16. Soudain […] la gravière où nous opérions fut illuminée par une lumière intense. On
aurait dit que le jour venait de succéder à la nuit. […] Je vis […] à environ trente
mètres de haut, une sorte de grande « vanotte » (petit panier rond) immobile dans les airs. La chose « clairait » (répandait une clarté) comme mille chandelles. À part le soleil, je n’avais jamais
vu une aussi forte lumière. (A. Besson, Une fille de la forêt, 1996 [1987], 177.)
● Au part. prés.
17. Après la messe [de la Chandeleur], la maîtresse de maison essayait de ramener son
cierge tout « clairant » à la ferme où, devant toute la famille réunie, commençait la liturgie familiale […].
(J.-Chr. Demard, « La vie religieuse dans les montagnes haut-saônoises », dans Barbizier. Bulletin de liaison de folklore comtois 6, avril 1977, 468.)
● Emploi impersonnel. Ça claire partout (TavBourg 1991).
— Par anal. "jeter de vifs éclats, étinceler". Les yeux du chat « clairent » dans la nuit (DondaineAuth 1976, 57).
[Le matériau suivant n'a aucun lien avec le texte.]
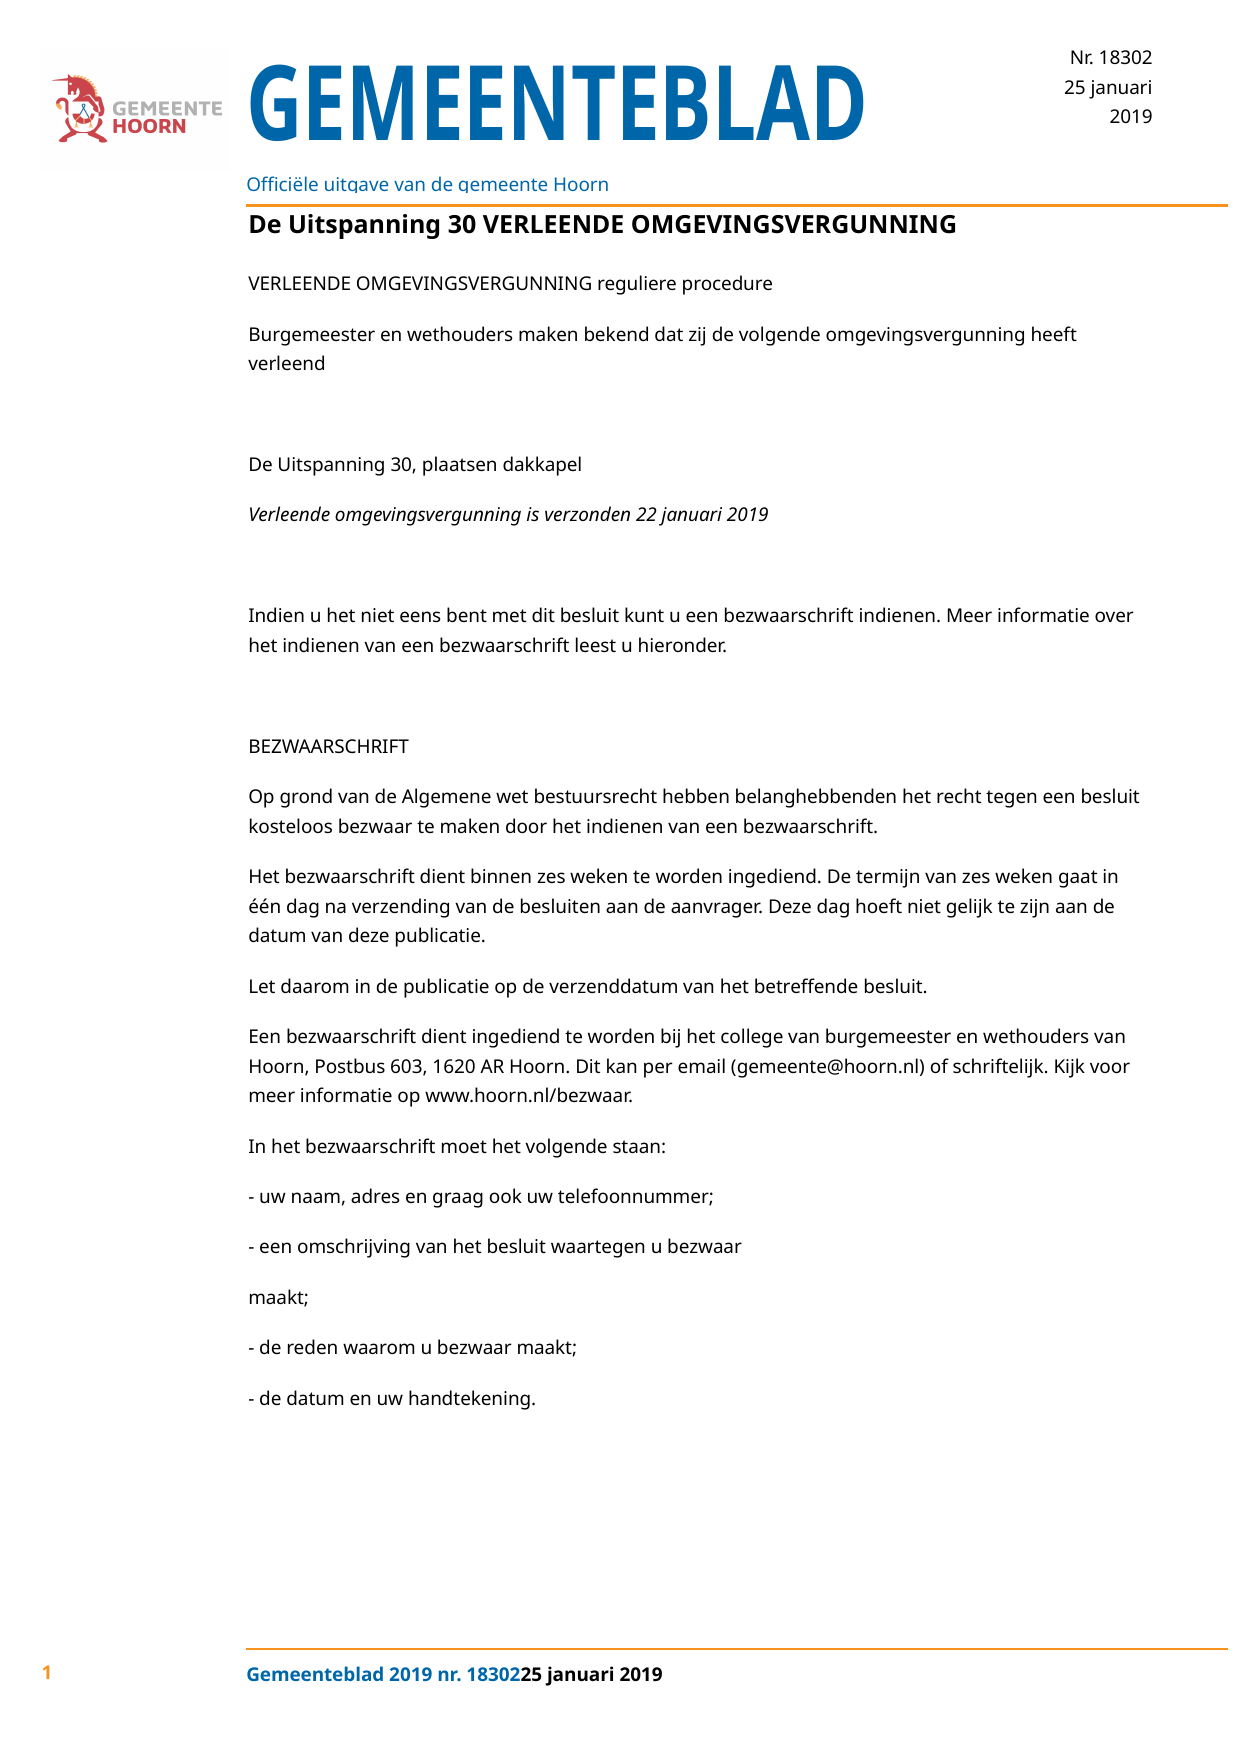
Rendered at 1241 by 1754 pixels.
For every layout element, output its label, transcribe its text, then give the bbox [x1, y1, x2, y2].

text De Uitspanning 30 VERLEENDE OMGEVINGSVERGUNNING [248, 207, 1152, 241]
text Een bezwaarschrift dient ingediend te worden bij het college van burgemeester en wethouders van Hoorn, Postbus 603, 1620 AR Hoorn. Dit kan per email (gemeente@hoorn.nl) of schriftelijk. Kijk voor meer informatie op www.hoorn.nl/bezwaar. [248, 1023, 1152, 1108]
text VERLEENDE OMGEVINGSVERGUNNING reguliere procedure [248, 270, 1152, 296]
text Indien u het niet eens bent met dit besluit kunt u een bezwaarschrift indienen. Meer informatie over het indienen van een bezwaarschrift leest u hieronder. [248, 602, 1152, 658]
text - uw naam, adres en graag ook uw telefoonnummer; [248, 1183, 1152, 1209]
text maakt; [248, 1284, 1152, 1310]
text Op grond van de Algemene wet bestuursrecht hebben belanghebbenden het recht tegen een besluit kosteloos bezwaar te maken door het indienen van een bezwaarschrift. [248, 783, 1152, 838]
text In het bezwaarschrift moet het volgende staan: [248, 1133, 1152, 1158]
text De Uitspanning 30, plaatsen dakkapel [248, 451, 1152, 477]
text Verleende omgevingsvergunning is verzonden 22 januari 2019 [248, 502, 1152, 527]
text - de reden waarom u bezwaar maakt; [248, 1334, 1152, 1360]
text BEZWAARSCHRIFT [248, 733, 1152, 758]
text Let daarom in de publicatie op de verzenddatum van het betreffende besluit. [248, 973, 1152, 998]
text - de datum en uw handtekening. [248, 1385, 1152, 1411]
text Burgemeester en wethouders maken bekend dat zij de volgende omgevingsvergunning heeft verleend [248, 321, 1152, 376]
picture [41, 47, 231, 172]
text - een omschrijving van het besluit waartegen u bezwaar [248, 1234, 1152, 1259]
text Het bezwaarschrift dient binnen zes weken te worden ingediend. De termijn van zes weken gaat in één dag na verzending van de besluiten aan de aanvrager. Deze dag hoeft niet gelijk te zijn aan de datum van deze publicatie. [248, 863, 1152, 948]

◆◆ commentaire. Ce dérivé sur fr. clair "brillant, qui jette de la lumière", n’est enregistré que de façon sporadique dans quelques dictionnaires des 19e et 20e s. (Lar 1869 « vieux mot » ; DG « t. provinc. » ; GLLFa « dialect. », avec un ex. de Theuriet ; TLF s.v. clair I B 3 rem., sans marque, avec un exemple de Pergaud). C’est un terme originaire de
l’est de la Galloromania, comme en témoignent ses plus anciennes attestations : 1490
à Neuchâtel (Pierreh), 1501 à Beaune, 1561 à Dijon et à Autun (tous les trois dans
GdfC), 1583 chez le Dijonnais Tabourot des Accords, 1589 chez P. Matthieu (né à Pesmes,
auj. Haute-Saône), 1589 (J.-B. Chassignet, né à Besançon), tous les trois dans Huguet ;
à quoi s’ajoutent en 1527 le Savoyard Cl. de Seyssel (Huguet) et sa prise en compte
en 1636 par Monet, lui aussi d’origine savoyarde, qui indique : « Clairer, faire lumière, rendre clarté […] La pleine lune claire toute la nuit […] La chandele claire mieux que la lampe […] Clairer, éclairer quelqu’un, lui faire lumière ». Il est aujourd’hui en usage dans le français de Bourgogne (TavBourg 1991 « surtout en Bourgogne orientale ; très vivant, même chez les enfants »), de Champagne (MulsonLangres 1822 ; RéginVallage 1992 ; TamineChampagne 1993)b, de Lorraine (LanherLitLorr 1990 ; v. également DrozBesançon 1920 « fait bonne figure dans les romans meusiens du charmant et regretté poète-romancier
André Theuriet » ; LesigneBassignyVôge 1999) et de Franche-Comté, où il est dénoncé dep. Brun 1753
(aussi Fér 1761 et 1787 ; SchneiderRézDoubs 1786) et régulièrement enregistré depuis
par la lexicographie régionale (MonnierJura 1823 ; MonnierDoubs 1857 ; GasconDole
1870 ; ToubinJura 1870 ; ContejeanMontbéliard 1876 s.v. chairie ; BeauquierDoubs 1881 ; CunissetDijon 1889 ; GuilleLouhans 1894-1902 ; FertiaultVerdChal
1896 ; Mâcon 1903-1926 ; CollinetPontarlier 1925 ; BoillotGrCombe 1929 ; DoillonComtois
[1926-1936] ; GarneretLantenne 1959 ; DondaineAuth 1976 ; GrandMignovillard 1977 ;
BichetRougemont 1979 ; GrandjeanFougerolles 1979 s.v. tyèrî, définit « "clairer", éclairer » ; TuaillonRézRégion 1983 ; DuraffHJura 1986 « mot souvenir » ; DondaineMadProust 1991, 69 ; DromardDoubs 1991 et 1997 ; TrouttetHDoubs 1991 ;
ColinParlComt 1992 avec un ex. de Pergaud clairer les bêtes, daté de 1914 ; DuchetSFrComt 1993 ; RobezMorez 1995 « encore employé par les personnes âgées ») et où il a pénétré les patois (ALFC 3, 949). Il a aussi été relevé en Suisse romande
(Pierreh 1926 ; GPSR, qui enregistre l’équivalent patois de la loc. clairer les bêtes). – FEW 2, 741, clarus.
a La référence à la Passion de Semur, comme première date du mot, doit être biffée. Elle est en effet fondée sur l’éd.
d’É. Roy, Dijon/Paris, 1905, v. 3087 (« […] ugne estoille clera vermoille »), mauvaise lecture corrigée dans l’éd. de P.T. Durbin et L. Muir, 1981, v. 3079 (« […] ugne estoile clere et vermoille »).
b Il n’est pas signalé dans les Ardennes pour l’époque contemporaine (Ø TamineArdennes
1992), mais cf. Rimbaud, originaire de Charleville : « Le feu qui claire les couchettes / Et les bahuts » (Les Reparties de Nina, v. 91-92, Œuvres complètes, éd. L. Adam, Gallimard, 1972, Pléiade, 26.)
△△ enquêtes. EnqDRF 1994-96. Taux de reconnaissance : Ø.